Letter from Our CEO

October 2020

Dear Friends,

As I write to you, I am looking out the window at our family's sukkah and thinking about the coming weekend's celebration of Hoshana Raba, Shemini Atzeret and Simchat Torah. With the conclusion of these holidays it is the beginning of a new cycle in the Jewish year. In a time when uncertainty seems to be the only thing we can count on, it is comforting to know that the holidays are a constant and are observed at the same time by Jews all around the world. Although our gatherings may look different this year, with fewer people who are further apart, the unity and fortitude of the Jewish people remain the same.

As Israel enters the third week of its second lockdown, we at American Friends of Tel Aviv University (AFTAU) continue to do our part to foster the continuation of the important work being done at Tel Aviv University (TAU). In this time of economic difficulty for too many, we are steadfast in our efforts to ensure the University can provide a quality education for all, regardless of economic conditions. Our mission is to make sure that TAU has the resources necessary to maintain the high standards that have resulted in the University being on the top ten list of universities producing entrepreneurs who secure venture capital funding. We are proud to report that TAU holds its spot at number eight again this year and is the only non-US university to make the list.

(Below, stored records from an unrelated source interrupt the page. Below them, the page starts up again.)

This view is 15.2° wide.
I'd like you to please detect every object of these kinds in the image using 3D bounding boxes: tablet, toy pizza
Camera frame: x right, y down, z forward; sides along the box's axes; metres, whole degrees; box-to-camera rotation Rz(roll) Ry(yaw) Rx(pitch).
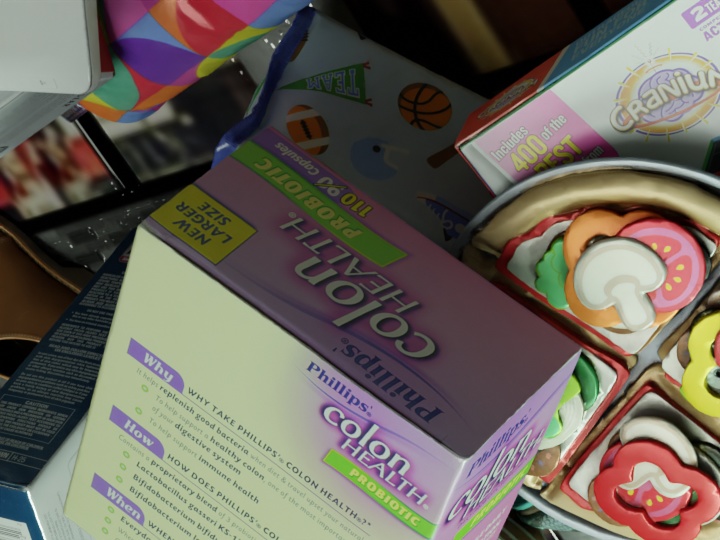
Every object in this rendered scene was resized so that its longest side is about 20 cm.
[{"bbox_3d":[-0.186,-0.149,1.239,0.199,0.014,0.131,6,102,47],"label":"tablet"},{"bbox_3d":[0.124,0.044,1.177,0.199,0.032,0.201,10,122,16],"label":"toy pizza"}]

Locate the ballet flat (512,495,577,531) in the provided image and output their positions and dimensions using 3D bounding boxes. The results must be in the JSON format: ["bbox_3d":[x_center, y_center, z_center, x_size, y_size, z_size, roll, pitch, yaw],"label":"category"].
[{"bbox_3d":[0.152,0.071,1.313,0.074,0.074,0.200,44,134,-8],"label":"ballet flat"}]

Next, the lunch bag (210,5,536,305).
[{"bbox_3d":[0.000,0.000,1.305,0.169,0.124,0.200,29,145,2],"label":"lunch bag"}]

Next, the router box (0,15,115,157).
[{"bbox_3d":[-0.216,-0.140,1.322,0.200,0.049,0.180,-28,77,47],"label":"router box"}]

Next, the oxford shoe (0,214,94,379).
[{"bbox_3d":[-0.216,0.014,1.516,0.199,0.071,0.072,27,140,14],"label":"oxford shoe"}]

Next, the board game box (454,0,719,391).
[{"bbox_3d":[0.162,-0.025,1.180,0.153,0.040,0.200,-33,103,24],"label":"board game box"}]

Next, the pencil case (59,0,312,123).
[{"bbox_3d":[-0.076,-0.139,1.261,0.088,0.088,0.200,48,136,-12],"label":"pencil case"}]

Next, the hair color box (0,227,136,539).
[{"bbox_3d":[-0.134,0.079,1.415,0.060,0.200,0.100,11,133,27],"label":"hair color box"}]

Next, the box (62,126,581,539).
[{"bbox_3d":[-0.023,0.073,1.198,0.176,0.097,0.201,35,136,16],"label":"box"}]

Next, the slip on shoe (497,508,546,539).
[{"bbox_3d":[0.008,0.111,1.382,0.200,0.076,0.061,34,104,20],"label":"slip on shoe"}]
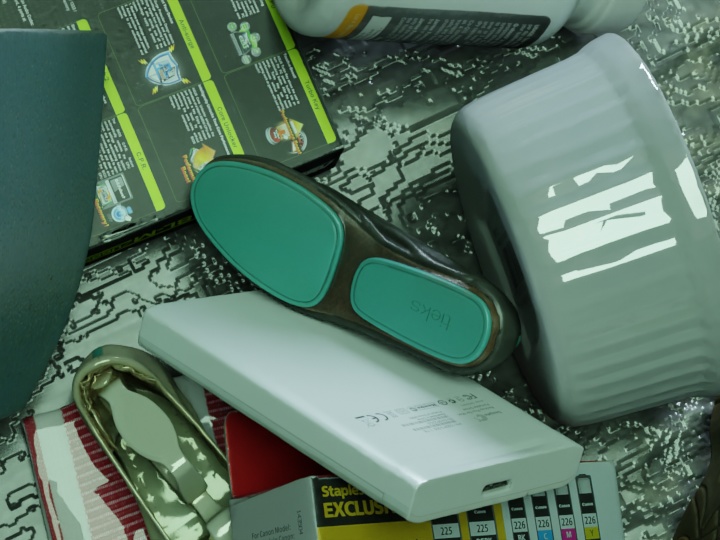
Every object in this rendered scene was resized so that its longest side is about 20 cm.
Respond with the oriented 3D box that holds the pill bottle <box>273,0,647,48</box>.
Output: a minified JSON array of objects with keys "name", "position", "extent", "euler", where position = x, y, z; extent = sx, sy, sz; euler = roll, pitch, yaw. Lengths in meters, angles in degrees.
[{"name":"pill bottle","position":[0.056,-0.182,1.431],"extent":[0.199,0.116,0.117],"euler":[1,77,-25]}]

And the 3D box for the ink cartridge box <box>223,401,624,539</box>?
[{"name":"ink cartridge box","position":[0.037,0.149,1.342],"extent":[0.199,0.084,0.177],"euler":[-1,78,-36]}]

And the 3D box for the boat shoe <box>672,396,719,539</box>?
[{"name":"boat shoe","position":[0.219,0.135,1.422],"extent":[0.067,0.072,0.202],"euler":[21,80,-19]}]

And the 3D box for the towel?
[{"name":"towel","position":[-0.070,0.124,1.404],"extent":[0.198,0.023,0.145],"euler":[-13,79,-12]}]

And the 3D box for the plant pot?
[{"name":"plant pot","position":[-0.241,-0.018,1.306],"extent":[0.194,0.196,0.202],"euler":[-1,95,12]}]

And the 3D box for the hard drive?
[{"name":"hard drive","position":[-0.001,0.064,1.334],"extent":[0.131,0.199,0.026],"euler":[-8,119,-47]}]

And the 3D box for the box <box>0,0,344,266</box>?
[{"name":"box","position":[-0.135,-0.117,1.436],"extent":[0.192,0.048,0.201],"euler":[-22,81,-16]}]

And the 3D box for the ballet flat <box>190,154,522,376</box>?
[{"name":"ballet flat","position":[0.000,0.000,1.383],"extent":[0.199,0.068,0.068],"euler":[31,104,21]}]

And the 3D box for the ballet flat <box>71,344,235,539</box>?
[{"name":"ballet flat","position":[-0.085,0.122,1.358],"extent":[0.069,0.070,0.200],"euler":[-37,82,-15]}]

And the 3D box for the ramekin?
[{"name":"ramekin","position":[0.120,-0.015,1.380],"extent":[0.097,0.201,0.202],"euler":[-19,81,-5]}]

Since I began in my position over a year ago, I have endeavored to use my monthly letter to share the developments and innovation coming from Tel Aviv University. I hope these communications have provided much needed hope to act as a counterbalance for the negative and unsettling Covid-19 and non-Covid-19 related news stories. I encourage you to listen to last week's webinar, "The Real Pandemic Behind COVID19," featuring Professor Yaniv Assaf, whose research explains the effects that the news cycle is having on our brains. As we continue to hear about the wildfires in Sonoma and Napa Valleys in California and the extreme storms that have become destructive hurricanes, we are reminded by Professor Colin Price, head of the Porter School of the Environment and Earth Sciences, that we should have hope and that by taking positive actions we can fix the environment.

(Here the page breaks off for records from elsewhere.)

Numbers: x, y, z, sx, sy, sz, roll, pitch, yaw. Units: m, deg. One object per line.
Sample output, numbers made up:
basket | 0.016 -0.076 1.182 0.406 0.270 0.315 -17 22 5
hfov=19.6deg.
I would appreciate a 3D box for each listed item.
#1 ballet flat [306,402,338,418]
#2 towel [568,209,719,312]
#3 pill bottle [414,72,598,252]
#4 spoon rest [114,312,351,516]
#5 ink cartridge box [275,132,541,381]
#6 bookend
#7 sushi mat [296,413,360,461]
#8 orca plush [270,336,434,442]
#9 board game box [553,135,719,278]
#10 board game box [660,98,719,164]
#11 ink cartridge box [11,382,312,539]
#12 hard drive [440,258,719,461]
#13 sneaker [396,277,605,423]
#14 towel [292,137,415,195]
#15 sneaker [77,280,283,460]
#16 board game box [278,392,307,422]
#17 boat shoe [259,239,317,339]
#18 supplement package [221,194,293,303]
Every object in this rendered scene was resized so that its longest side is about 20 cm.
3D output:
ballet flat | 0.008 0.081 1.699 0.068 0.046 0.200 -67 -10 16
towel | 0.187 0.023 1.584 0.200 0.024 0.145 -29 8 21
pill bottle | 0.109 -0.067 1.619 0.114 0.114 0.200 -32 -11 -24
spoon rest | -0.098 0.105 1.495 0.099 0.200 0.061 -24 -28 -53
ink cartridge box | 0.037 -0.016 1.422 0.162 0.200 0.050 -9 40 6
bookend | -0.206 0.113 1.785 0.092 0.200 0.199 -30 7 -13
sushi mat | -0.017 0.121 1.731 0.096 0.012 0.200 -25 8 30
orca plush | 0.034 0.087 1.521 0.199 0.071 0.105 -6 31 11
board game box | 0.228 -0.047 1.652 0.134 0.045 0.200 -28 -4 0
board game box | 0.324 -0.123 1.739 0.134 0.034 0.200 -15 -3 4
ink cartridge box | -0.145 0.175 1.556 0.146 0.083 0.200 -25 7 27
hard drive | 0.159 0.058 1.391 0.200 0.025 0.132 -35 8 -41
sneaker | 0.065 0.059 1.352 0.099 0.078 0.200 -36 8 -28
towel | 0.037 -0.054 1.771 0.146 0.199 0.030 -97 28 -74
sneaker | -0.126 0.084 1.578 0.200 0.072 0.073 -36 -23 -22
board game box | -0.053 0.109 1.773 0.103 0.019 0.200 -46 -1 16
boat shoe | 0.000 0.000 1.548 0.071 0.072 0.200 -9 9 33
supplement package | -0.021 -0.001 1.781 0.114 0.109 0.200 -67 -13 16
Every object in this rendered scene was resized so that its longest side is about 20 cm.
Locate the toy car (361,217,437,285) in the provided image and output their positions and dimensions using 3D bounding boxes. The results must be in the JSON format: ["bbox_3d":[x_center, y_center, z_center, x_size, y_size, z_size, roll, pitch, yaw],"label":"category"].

While America continues to mourn the great loss of Justice Ruth Bader Ginsberg, the first Jewish woman to sit on the Supreme Court, we celebrate her many achievements and the barriers that she broke. Her support of Israel and Tel Aviv University are evidenced by her donation of her signature collar to the Museum of Jewish People, which is on the University's campus. There are many examples of the parallels between Justice Ginsberg's work breaking barriers and advocating for equality seen across campus. TAU recently appointed its first woman dean, Liat Kishon-Rabin, as Dean of Innovations in Teaching & Learning, to build out the future of online learning for the University. Barriers were broken when Professor Abdussalam Azem, an Arab Israeli, was appointed as Dean of The George S. Wise Faculty of Life Sciences.

As we enter the last weekend of the fall Jewish holidays, I am overtaken by a feeling of gratitude. I am grateful to have the opportunity to build bridges between the US, Tel Aviv University and Israel by bringing you information about the innovation and the contributions from TAU and Israel that continue to make the world a better place. Furthermore, I am grateful for the leadership of our board and the partnership of so many friends throughout the US. Your generous support makes the work possible and for that we thank you.